Take each line of the listing that has the string "classification" and report it.

★ ★ ★ ★ ★

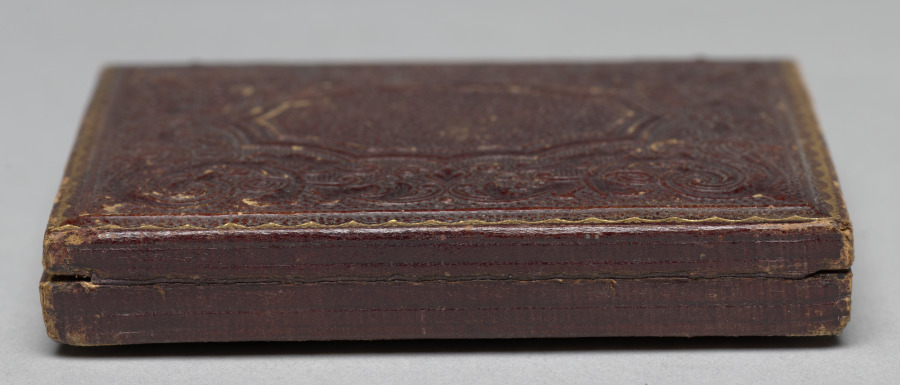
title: Urban Worker Smoking Tyrolean Pipe
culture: America
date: c. 1855
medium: ambrotype, sixth plate
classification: Photograph
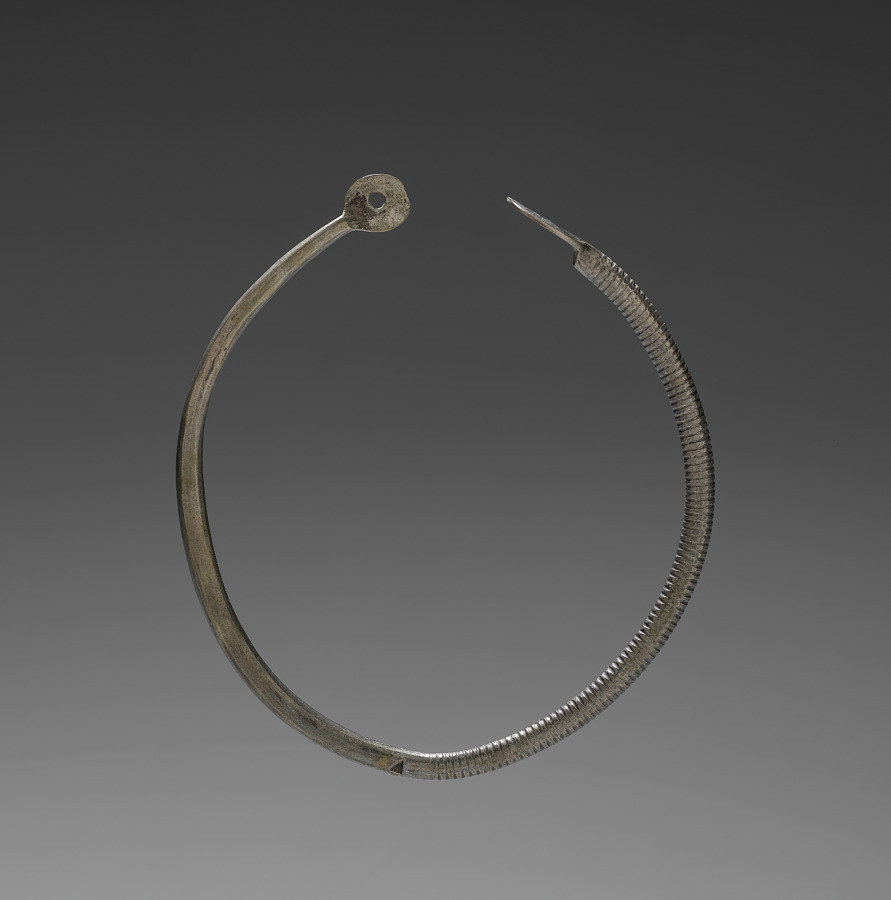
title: Nose Ring (?)
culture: India
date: 1800s
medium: silver
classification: Jewelry
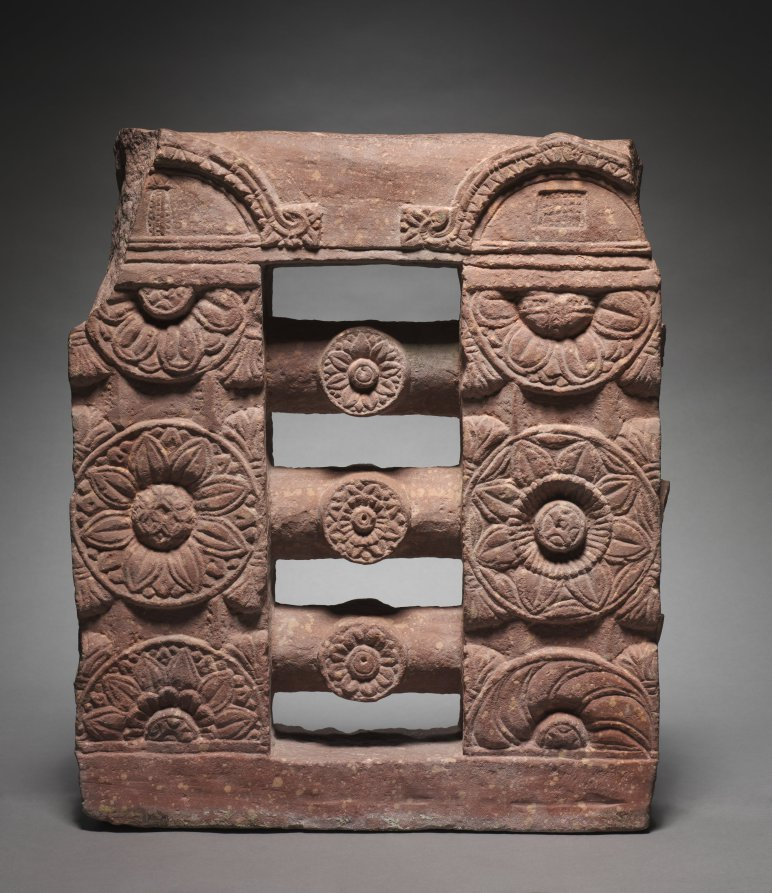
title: Section of Monolithic Railing with Bather and Lotus Medallions
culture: India, Mathura, Kushan period
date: c. 150–250 CE
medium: red sandstone
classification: Sculpture
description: Railings demarcated a sacred space, such as a tree shrine or a stupa. Images associated with purifying waters were carved on the railings, as if to symbolically cleanse those who passed through the gate. Under a fruit-bearing tree is a young woman squeezing water from her hair. In a visual depiction of an ancient Indian poetic trope, a goose mistakes the drops of water for pearls and comes to eat them.
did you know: In the windows above, carved on the coping stone, are two voyeurs and a bowl made of leaves filled with flower garlands, which would be used to adorn the sacred site.
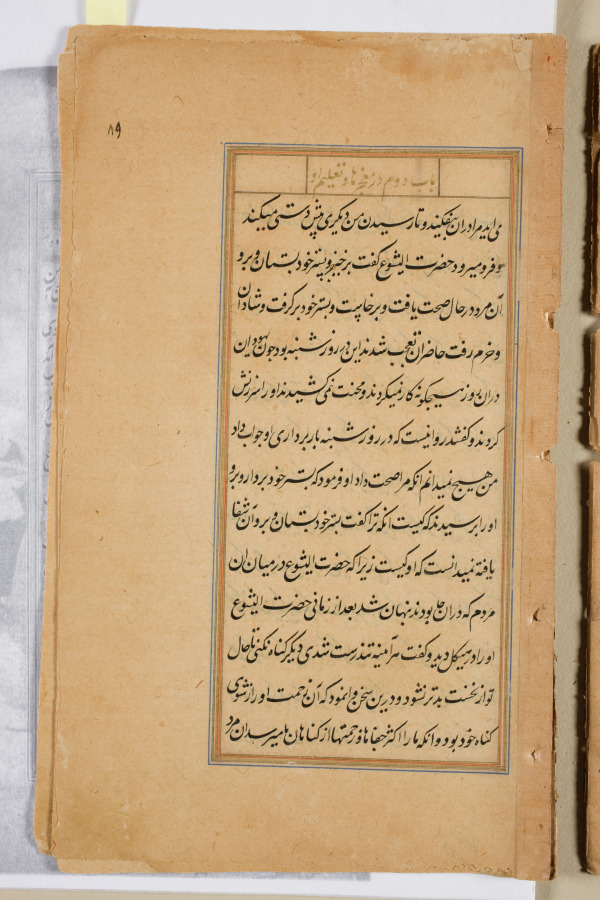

★ ★ ★ ★ ★

OUTPUT BELOW
classification: Photograph
classification: Jewelry
classification: Sculpture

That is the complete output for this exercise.